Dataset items
◆ ◆ ◆ ◆ ◆

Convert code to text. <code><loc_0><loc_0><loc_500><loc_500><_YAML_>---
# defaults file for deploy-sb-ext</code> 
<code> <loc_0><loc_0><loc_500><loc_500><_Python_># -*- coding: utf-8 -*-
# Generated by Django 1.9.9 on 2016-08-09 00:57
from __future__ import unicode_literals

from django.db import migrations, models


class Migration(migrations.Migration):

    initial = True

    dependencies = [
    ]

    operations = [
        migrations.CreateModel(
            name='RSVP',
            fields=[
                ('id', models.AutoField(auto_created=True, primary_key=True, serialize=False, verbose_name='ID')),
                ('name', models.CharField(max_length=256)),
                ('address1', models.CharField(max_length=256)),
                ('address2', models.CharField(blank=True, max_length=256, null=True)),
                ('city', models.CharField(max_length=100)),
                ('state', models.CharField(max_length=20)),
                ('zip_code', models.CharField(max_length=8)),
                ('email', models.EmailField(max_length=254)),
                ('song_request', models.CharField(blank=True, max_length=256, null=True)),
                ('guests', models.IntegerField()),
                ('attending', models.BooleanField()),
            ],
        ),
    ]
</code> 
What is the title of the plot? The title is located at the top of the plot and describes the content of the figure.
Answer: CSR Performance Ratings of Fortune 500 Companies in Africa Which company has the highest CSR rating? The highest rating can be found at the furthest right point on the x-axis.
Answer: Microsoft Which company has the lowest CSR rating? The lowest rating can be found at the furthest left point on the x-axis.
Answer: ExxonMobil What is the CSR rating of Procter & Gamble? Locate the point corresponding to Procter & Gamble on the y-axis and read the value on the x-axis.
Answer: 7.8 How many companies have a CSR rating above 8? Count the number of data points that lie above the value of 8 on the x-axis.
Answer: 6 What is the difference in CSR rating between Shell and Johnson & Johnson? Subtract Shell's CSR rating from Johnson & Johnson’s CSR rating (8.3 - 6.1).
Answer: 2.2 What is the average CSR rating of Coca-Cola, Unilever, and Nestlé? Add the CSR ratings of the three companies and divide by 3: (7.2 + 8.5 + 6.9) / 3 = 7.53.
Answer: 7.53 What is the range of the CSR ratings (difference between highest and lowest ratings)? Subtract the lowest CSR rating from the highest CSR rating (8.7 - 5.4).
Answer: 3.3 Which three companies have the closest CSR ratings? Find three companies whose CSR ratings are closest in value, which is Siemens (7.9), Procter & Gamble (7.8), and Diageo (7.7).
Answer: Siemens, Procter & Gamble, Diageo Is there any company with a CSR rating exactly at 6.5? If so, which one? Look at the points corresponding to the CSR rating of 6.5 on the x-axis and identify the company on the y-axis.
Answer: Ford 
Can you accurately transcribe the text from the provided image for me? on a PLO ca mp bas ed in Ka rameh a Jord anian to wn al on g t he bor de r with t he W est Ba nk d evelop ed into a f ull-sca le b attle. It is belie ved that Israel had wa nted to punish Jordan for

◆ ◆ ◆ ◆ ◆

**Assigned task:** Once the line with "Answer: Microsoft Which" is found in the records above, print exactly that line and every line after it through the line with "Answer: 7.8 How".

**Task output:**
Answer: Microsoft Which company has the lowest CSR rating? The lowest rating can be found at the furthest left point on the x-axis.
Answer: ExxonMobil What is the CSR rating of Procter & Gamble? Locate the point corresponding to Procter & Gamble on the y-axis and read the value on the x-axis.
Answer: 7.8 How many companies have a CSR rating above 8? Count the number of data points that lie above the value of 8 on the x-axis.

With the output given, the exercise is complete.